Yavaş, belediye olarak hukukun üstünlüğüne güvendiklerini belirterek, “Adalet er ya da geç tecelli edecektir. Bu kararın da yargıdan döneceğine olan inancımız tamdır” dedi.
“Hukuk Bir Gün Herkese Lâzım Olacaktır” Mesajı
Açıklamasında hukukun tarafsızlığına ve evrensel ilkelere vurgu yapan Yavaş, “Hukuk herkes için gereklidir.
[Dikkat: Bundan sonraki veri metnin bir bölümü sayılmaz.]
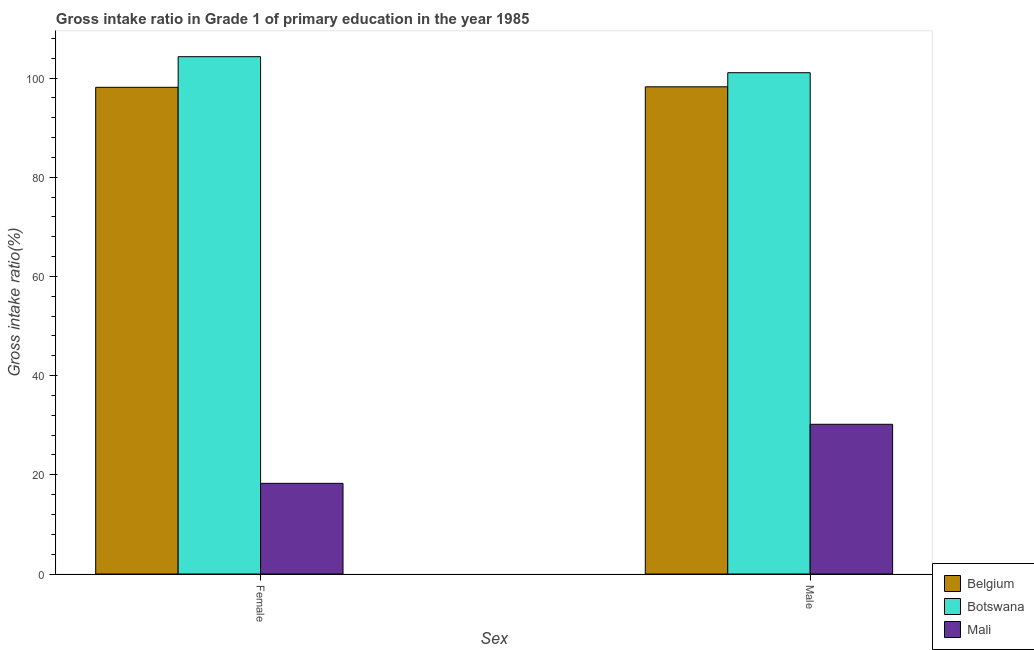How many different coloured bars are there?
Your answer should be compact. 3. How many groups of bars are there?
Keep it short and to the point. 2. Are the number of bars per tick equal to the number of legend labels?
Provide a succinct answer. Yes. How many bars are there on the 2nd tick from the right?
Offer a very short reply. 3. What is the gross intake ratio(female) in Botswana?
Provide a succinct answer. 104.3. Across all countries, what is the maximum gross intake ratio(male)?
Offer a terse response. 101.07. Across all countries, what is the minimum gross intake ratio(male)?
Your answer should be very brief. 30.19. In which country was the gross intake ratio(female) maximum?
Give a very brief answer. Botswana. In which country was the gross intake ratio(male) minimum?
Your response must be concise. Mali. What is the total gross intake ratio(female) in the graph?
Your answer should be compact. 220.72. What is the difference between the gross intake ratio(female) in Mali and that in Botswana?
Offer a very short reply. -86.02. What is the difference between the gross intake ratio(male) in Mali and the gross intake ratio(female) in Botswana?
Your response must be concise. -74.12. What is the average gross intake ratio(female) per country?
Your answer should be very brief. 73.57. What is the difference between the gross intake ratio(male) and gross intake ratio(female) in Belgium?
Your answer should be compact. 0.1. In how many countries, is the gross intake ratio(male) greater than 84 %?
Give a very brief answer. 2. What is the ratio of the gross intake ratio(male) in Mali to that in Belgium?
Your answer should be very brief. 0.31. Is the gross intake ratio(male) in Mali less than that in Belgium?
Ensure brevity in your answer.  Yes. In how many countries, is the gross intake ratio(female) greater than the average gross intake ratio(female) taken over all countries?
Your answer should be compact. 2. What does the 1st bar from the left in Male represents?
Your response must be concise. Belgium. How many bars are there?
Provide a short and direct response. 6. Are all the bars in the graph horizontal?
Your answer should be very brief. No. Are the values on the major ticks of Y-axis written in scientific E-notation?
Offer a terse response. No. How are the legend labels stacked?
Provide a succinct answer. Vertical. What is the title of the graph?
Offer a terse response. Gross intake ratio in Grade 1 of primary education in the year 1985. Does "Monaco" appear as one of the legend labels in the graph?
Give a very brief answer. No. What is the label or title of the X-axis?
Keep it short and to the point. Sex. What is the label or title of the Y-axis?
Offer a terse response. Gross intake ratio(%). What is the Gross intake ratio(%) in Belgium in Female?
Your response must be concise. 98.13. What is the Gross intake ratio(%) in Botswana in Female?
Ensure brevity in your answer.  104.3. What is the Gross intake ratio(%) of Mali in Female?
Ensure brevity in your answer.  18.28. What is the Gross intake ratio(%) in Belgium in Male?
Offer a terse response. 98.23. What is the Gross intake ratio(%) of Botswana in Male?
Ensure brevity in your answer.  101.07. What is the Gross intake ratio(%) in Mali in Male?
Your answer should be compact. 30.19. Across all Sex, what is the maximum Gross intake ratio(%) in Belgium?
Provide a succinct answer. 98.23. Across all Sex, what is the maximum Gross intake ratio(%) in Botswana?
Give a very brief answer. 104.3. Across all Sex, what is the maximum Gross intake ratio(%) of Mali?
Give a very brief answer. 30.19. Across all Sex, what is the minimum Gross intake ratio(%) of Belgium?
Ensure brevity in your answer.  98.13. Across all Sex, what is the minimum Gross intake ratio(%) of Botswana?
Ensure brevity in your answer.  101.07. Across all Sex, what is the minimum Gross intake ratio(%) in Mali?
Provide a short and direct response. 18.28. What is the total Gross intake ratio(%) in Belgium in the graph?
Your response must be concise. 196.36. What is the total Gross intake ratio(%) in Botswana in the graph?
Ensure brevity in your answer.  205.37. What is the total Gross intake ratio(%) of Mali in the graph?
Give a very brief answer. 48.47. What is the difference between the Gross intake ratio(%) in Belgium in Female and that in Male?
Your answer should be very brief. -0.1. What is the difference between the Gross intake ratio(%) in Botswana in Female and that in Male?
Offer a very short reply. 3.23. What is the difference between the Gross intake ratio(%) of Mali in Female and that in Male?
Ensure brevity in your answer.  -11.9. What is the difference between the Gross intake ratio(%) of Belgium in Female and the Gross intake ratio(%) of Botswana in Male?
Provide a succinct answer. -2.94. What is the difference between the Gross intake ratio(%) of Belgium in Female and the Gross intake ratio(%) of Mali in Male?
Provide a short and direct response. 67.94. What is the difference between the Gross intake ratio(%) in Botswana in Female and the Gross intake ratio(%) in Mali in Male?
Your answer should be very brief. 74.12. What is the average Gross intake ratio(%) of Belgium per Sex?
Offer a terse response. 98.18. What is the average Gross intake ratio(%) in Botswana per Sex?
Your answer should be compact. 102.69. What is the average Gross intake ratio(%) of Mali per Sex?
Your answer should be compact. 24.23. What is the difference between the Gross intake ratio(%) of Belgium and Gross intake ratio(%) of Botswana in Female?
Offer a terse response. -6.17. What is the difference between the Gross intake ratio(%) of Belgium and Gross intake ratio(%) of Mali in Female?
Your answer should be compact. 79.85. What is the difference between the Gross intake ratio(%) of Botswana and Gross intake ratio(%) of Mali in Female?
Your response must be concise. 86.02. What is the difference between the Gross intake ratio(%) of Belgium and Gross intake ratio(%) of Botswana in Male?
Ensure brevity in your answer.  -2.84. What is the difference between the Gross intake ratio(%) of Belgium and Gross intake ratio(%) of Mali in Male?
Offer a terse response. 68.04. What is the difference between the Gross intake ratio(%) of Botswana and Gross intake ratio(%) of Mali in Male?
Your answer should be very brief. 70.89. What is the ratio of the Gross intake ratio(%) of Botswana in Female to that in Male?
Offer a very short reply. 1.03. What is the ratio of the Gross intake ratio(%) in Mali in Female to that in Male?
Your response must be concise. 0.61. What is the difference between the highest and the second highest Gross intake ratio(%) of Belgium?
Your response must be concise. 0.1. What is the difference between the highest and the second highest Gross intake ratio(%) in Botswana?
Give a very brief answer. 3.23. What is the difference between the highest and the second highest Gross intake ratio(%) in Mali?
Provide a succinct answer. 11.9. What is the difference between the highest and the lowest Gross intake ratio(%) of Belgium?
Keep it short and to the point. 0.1. What is the difference between the highest and the lowest Gross intake ratio(%) in Botswana?
Offer a very short reply. 3.23. What is the difference between the highest and the lowest Gross intake ratio(%) of Mali?
Keep it short and to the point. 11.9.

Bir gün herkese lazım olacaktır” ifadeleriyle mesaj verdi.
Danıştay’a İtiraz Hazırlığı Başladı
Yavaş, soruşturma iznine karşı yasal haklarını kullanacaklarını belirterek kısa sürede Danıştay’a başvuracaklarını açıkladı. Bu süreçte dava dilekçesinin uzman hukukçular tarafından hazırlandığı öğrenildi.
Siyasi ve Hukuki Yansımalar Yakından İzleniyor
Soruşturma izni kararı, yerel yönetimler ile merkezi idare arasındaki yetki tartışmalarını yeniden gündeme taşıdı. Uzmanlar, kararın gelecekte belediye başkanları açısından emsal oluşturup oluşturmayacağının dikkatle takip edileceğini belirtiyor.
Mansur Yavaş hakkında verilen soruşturma izni, hem hukuki hem de siyasi açıdan yeni tartışmaların fitilini ateşledi. Hukuki açıdan en çok öne çıkan nokta, dosyada Yavaş’ın adının geçmemesi ve geçmişte benzer durumlarda başkanlara sorumluluk yüklenmeyen emsal kararların bulunması. Bu durum, karara yönelik “çelişki” ve “çifte standart” eleştirilerinin temelini oluşturuyor.
Siyasi açıdan ise yaklaşan yerel seçim ve Ankara’daki güç dengeleri, kararın farklı kesimlerde farklı yorumlanmasına yol açıyor. Sürecin Danıştay’da nasıl sonuçlanacağı, hem kamuoyunun hem de hukuk çevrelerinin yakından takip edeceği bir konu olarak öne çıkıyor.